Du Congwu, Yu Mei, Volkow Nora D, Koretsky Alan P, Fowler Joanna S, Benveniste Helene
Medical Department, Brookhaven National Laboratory, Upton, New York 11973-5000, USA.
J Neurosci. 2006 Nov 8;26(45):11522-31. doi: 10.1523/JNEUROSCI.3612-06.2006.
Cocaine abuse increases the risk of life-threatening neurological complications such as strokes and seizures. Although the vasoconstricting properties of cocaine underlie its cerebrovascular effects, the mechanisms underlying its neurotoxicity remain incompletely understood. Here, we use optical techniques to measure cerebral blood volume, hemoglobin oxygenation (S(t)O(2)), and intracellular calcium (Ca(2+)) to test the hypothesis that cocaine increases Ca(2+) in the brain. The effects of cocaine were compared with those of methylphenidate, which has similar catecholaminergic effects as cocaine (except for serotonin increases) but no local anesthetic properties, and of lidocaine, which has similar local anesthetic effects as cocaine but is devoid of catecholaminergic actions. To control for the hemodynamic effects of cocaine, we assessed the effects of cocaine in animals in which normal blood pressure was maintained by infusion of phenylephrine, and we also measured the effects of transient hypotension (mimicking that induced by cocaine). We show that cocaine induced significant increases ( approximately 10-15%) in Ca(2+) that were independent of its hemodynamic effects and of the anesthetic used (isofluorance or alpha-chloralose). Lidocaine but not methylphenidate also induced significant Ca(2+) increases ( approximately 10-13%). This indicates that cocaine at a dose within the range used by drug users significantly increases the Ca(2+) in the brain and its local anesthetic, but neither its catecholaminergic nor its hemodynamic actions, underlies this effect. Cocaine-induced Ca(2+) increases are likely to accentuate the neurotoxic effects from cocaine-induced vasoconstriction and to facilitate the occurrence of seizures from the catecholaminergic effects of cocaine. These findings support the use of calcium channel blockers as a strategy to minimize the neurotoxic effects of cocaine.
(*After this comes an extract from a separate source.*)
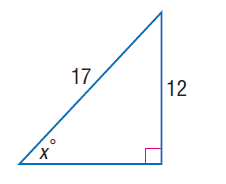Answer the mathemtical geometry problem and directly provide the correct option letter.
Question: Find x.
Choices: A: 44.9 B: 46.9 C: 57.1 D: 58.1 A

可卡因滥用会增加危及生命的神经并发症风险,如中风和癫痫发作。尽管可卡因的血管收缩特性是其脑血管效应的基础,但其神经毒性的潜在机制仍未完全明了。在此,我们运用光学技术测量脑血容量、血红蛋白氧合(S(t)O(2))以及细胞内钙浓度(Ca(2+)),以检验可卡因会增加脑内Ca(2+)这一假设。将可卡因的作用与哌甲酯(其具有与可卡因相似的儿茶酚胺能效应(除了血清素增加)但无局部麻醉特性)以及利多卡因(其具有与可卡因相似的局部麻醉作用但无儿茶酚胺能作用)的作用进行比较。为控制可卡因的血流动力学效应,我们评估了在通过输注去氧肾上腺素维持正常血压的动物体内可卡因的作用,并且我们还测量了短暂性低血压(模拟可卡因诱导的低血压)的效应。我们发现,可卡因会使Ca(2+)显著增加(约10 - 15%),这与其血流动力学效应以及所用麻醉剂(异氟烷或α - 氯醛糖)无关。利多卡因而非哌甲酯也会使Ca(2+)显著增加(约10 - 13%)。这表明,吸毒者使用剂量范围内的可卡因会显著增加脑内Ca(2+),且其局部麻醉作用而非儿茶酚胺能作用或血流动力学作用是造成这一效应的原因。可卡因诱导的Ca(2+)增加可能会加剧可卡因诱导的血管收缩所产生的神经毒性效应,并促使因可卡因的儿茶酚胺能效应而引发癫痫发作。这些发现支持使用钙通道阻滞剂作为一种策略来尽量减少可卡因的神经毒性效应。